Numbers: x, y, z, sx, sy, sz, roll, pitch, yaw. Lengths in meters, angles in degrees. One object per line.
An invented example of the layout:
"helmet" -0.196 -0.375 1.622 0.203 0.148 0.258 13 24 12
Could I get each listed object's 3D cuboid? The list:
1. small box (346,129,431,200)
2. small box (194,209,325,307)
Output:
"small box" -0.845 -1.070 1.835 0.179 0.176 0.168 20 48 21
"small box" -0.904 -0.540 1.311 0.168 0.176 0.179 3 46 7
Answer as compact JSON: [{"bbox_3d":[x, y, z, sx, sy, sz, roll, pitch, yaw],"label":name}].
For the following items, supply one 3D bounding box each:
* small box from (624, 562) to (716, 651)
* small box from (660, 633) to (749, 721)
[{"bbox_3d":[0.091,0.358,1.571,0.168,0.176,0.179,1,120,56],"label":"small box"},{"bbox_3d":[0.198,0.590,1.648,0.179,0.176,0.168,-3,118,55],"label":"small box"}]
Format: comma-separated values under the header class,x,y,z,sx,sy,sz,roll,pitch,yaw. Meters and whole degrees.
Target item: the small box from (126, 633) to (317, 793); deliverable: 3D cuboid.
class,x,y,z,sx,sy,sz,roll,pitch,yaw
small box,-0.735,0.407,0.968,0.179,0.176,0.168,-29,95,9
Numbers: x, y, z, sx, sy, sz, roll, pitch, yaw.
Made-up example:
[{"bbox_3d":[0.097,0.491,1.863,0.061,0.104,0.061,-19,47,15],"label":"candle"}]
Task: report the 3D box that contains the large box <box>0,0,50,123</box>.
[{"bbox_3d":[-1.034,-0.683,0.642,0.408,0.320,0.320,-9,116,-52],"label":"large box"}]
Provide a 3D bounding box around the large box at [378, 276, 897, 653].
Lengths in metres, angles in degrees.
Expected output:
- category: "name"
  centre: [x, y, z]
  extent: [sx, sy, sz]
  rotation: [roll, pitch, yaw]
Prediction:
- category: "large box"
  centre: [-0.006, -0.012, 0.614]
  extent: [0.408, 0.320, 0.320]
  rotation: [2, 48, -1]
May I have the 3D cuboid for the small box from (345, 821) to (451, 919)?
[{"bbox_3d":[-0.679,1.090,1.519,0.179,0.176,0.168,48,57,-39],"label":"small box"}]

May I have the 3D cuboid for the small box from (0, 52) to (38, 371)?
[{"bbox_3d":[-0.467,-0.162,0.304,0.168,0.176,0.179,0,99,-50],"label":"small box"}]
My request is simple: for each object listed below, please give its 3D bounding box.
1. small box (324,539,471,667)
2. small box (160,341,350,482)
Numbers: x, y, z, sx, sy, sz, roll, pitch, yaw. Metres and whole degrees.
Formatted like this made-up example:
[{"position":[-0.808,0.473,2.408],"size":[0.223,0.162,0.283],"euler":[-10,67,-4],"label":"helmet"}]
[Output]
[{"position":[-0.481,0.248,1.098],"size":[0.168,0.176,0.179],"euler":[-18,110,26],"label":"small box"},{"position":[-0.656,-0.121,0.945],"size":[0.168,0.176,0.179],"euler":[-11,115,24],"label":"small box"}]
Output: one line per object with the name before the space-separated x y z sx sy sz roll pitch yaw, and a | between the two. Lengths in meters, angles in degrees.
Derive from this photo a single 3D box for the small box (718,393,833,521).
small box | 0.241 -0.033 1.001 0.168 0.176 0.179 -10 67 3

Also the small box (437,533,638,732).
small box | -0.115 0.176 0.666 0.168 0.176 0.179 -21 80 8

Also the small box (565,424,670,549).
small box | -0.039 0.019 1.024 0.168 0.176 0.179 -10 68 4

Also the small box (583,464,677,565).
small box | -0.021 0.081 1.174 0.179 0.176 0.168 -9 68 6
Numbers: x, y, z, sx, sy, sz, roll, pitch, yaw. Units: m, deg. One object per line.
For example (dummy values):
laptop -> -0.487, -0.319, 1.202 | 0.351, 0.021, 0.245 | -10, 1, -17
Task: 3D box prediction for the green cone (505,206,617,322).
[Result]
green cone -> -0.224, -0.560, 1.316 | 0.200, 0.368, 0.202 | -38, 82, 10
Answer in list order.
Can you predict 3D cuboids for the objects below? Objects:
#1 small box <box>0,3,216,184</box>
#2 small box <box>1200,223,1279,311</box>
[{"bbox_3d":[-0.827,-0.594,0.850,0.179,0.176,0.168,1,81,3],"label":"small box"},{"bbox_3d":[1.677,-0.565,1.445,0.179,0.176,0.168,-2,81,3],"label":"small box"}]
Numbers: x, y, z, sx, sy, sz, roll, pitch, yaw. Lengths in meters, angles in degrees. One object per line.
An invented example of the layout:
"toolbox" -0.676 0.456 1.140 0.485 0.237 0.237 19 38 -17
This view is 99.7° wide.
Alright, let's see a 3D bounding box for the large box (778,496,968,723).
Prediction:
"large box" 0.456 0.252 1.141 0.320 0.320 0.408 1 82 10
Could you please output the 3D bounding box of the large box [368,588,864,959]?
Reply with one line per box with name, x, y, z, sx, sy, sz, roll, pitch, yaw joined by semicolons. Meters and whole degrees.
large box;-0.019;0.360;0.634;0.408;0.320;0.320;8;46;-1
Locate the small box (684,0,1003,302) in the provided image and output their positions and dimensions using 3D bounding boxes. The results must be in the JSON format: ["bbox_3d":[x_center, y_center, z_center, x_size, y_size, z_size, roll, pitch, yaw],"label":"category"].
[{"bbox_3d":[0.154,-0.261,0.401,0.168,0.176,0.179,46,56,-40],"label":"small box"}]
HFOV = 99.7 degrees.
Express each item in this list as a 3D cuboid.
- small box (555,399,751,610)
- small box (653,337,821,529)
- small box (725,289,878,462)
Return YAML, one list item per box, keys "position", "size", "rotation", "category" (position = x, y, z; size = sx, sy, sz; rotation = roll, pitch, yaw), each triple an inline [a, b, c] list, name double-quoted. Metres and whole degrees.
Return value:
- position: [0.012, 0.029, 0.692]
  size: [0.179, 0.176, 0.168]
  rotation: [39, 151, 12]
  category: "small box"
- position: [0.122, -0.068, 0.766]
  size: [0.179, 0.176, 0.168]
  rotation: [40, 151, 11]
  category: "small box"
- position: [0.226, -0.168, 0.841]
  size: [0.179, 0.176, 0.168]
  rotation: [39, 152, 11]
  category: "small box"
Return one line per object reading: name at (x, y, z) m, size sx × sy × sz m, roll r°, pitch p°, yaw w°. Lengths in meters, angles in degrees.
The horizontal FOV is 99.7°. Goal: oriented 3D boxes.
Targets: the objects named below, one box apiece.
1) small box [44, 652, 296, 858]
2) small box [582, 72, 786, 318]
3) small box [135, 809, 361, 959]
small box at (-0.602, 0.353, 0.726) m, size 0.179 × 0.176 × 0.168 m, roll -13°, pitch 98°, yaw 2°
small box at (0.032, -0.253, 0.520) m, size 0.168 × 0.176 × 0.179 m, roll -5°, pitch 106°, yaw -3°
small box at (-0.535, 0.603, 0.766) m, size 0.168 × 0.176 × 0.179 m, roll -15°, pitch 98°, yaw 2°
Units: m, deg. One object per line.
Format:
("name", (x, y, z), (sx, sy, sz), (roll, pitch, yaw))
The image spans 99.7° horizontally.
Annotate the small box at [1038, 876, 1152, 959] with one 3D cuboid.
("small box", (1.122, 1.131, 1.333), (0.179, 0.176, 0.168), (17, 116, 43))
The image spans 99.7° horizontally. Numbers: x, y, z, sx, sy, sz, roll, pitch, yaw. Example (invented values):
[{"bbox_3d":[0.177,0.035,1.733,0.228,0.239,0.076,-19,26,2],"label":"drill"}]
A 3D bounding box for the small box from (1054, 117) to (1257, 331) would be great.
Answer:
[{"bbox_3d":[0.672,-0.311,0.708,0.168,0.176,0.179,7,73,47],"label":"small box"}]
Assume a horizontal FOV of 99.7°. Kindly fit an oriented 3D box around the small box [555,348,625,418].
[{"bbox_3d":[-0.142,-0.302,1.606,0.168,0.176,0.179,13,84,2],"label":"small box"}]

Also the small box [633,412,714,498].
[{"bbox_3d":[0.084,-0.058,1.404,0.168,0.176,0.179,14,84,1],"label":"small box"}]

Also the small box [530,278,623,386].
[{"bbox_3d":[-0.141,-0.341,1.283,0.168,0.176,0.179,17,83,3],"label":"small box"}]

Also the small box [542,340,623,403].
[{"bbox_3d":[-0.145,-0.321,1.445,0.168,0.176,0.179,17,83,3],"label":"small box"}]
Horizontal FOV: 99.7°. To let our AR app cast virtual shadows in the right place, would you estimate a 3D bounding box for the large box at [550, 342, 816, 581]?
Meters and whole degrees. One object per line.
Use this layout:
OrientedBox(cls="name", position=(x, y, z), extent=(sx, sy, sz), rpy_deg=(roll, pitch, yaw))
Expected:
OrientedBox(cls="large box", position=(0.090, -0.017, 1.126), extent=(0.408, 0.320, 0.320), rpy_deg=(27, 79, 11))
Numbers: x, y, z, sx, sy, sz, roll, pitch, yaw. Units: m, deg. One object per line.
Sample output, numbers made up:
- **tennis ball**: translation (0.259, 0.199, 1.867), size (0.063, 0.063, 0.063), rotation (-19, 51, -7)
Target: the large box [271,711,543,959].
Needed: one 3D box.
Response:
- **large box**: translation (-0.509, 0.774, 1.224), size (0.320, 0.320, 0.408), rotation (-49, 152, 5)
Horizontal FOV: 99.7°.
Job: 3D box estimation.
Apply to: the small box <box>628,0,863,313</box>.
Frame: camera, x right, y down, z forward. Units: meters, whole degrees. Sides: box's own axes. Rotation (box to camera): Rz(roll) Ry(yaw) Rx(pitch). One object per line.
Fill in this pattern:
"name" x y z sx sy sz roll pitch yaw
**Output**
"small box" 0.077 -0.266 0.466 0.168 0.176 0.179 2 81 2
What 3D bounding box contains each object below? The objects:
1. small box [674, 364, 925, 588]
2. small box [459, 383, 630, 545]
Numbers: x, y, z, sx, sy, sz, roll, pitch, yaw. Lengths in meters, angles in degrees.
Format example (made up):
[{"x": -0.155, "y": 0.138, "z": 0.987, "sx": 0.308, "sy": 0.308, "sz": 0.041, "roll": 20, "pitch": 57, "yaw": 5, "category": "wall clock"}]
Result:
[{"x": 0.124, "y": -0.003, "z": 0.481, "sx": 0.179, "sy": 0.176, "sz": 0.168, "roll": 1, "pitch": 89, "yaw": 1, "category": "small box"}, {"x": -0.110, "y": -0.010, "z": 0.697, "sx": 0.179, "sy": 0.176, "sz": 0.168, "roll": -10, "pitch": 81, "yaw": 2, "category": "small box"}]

_____

§ **Problem statement**:
Find every line in the records above that holds the word "Could", and copy each one.

§ **Solution below**:
Could I get each listed object's 3D cuboid? The list:
Could you please output the 3D bounding box of the large box [368,588,864,959]?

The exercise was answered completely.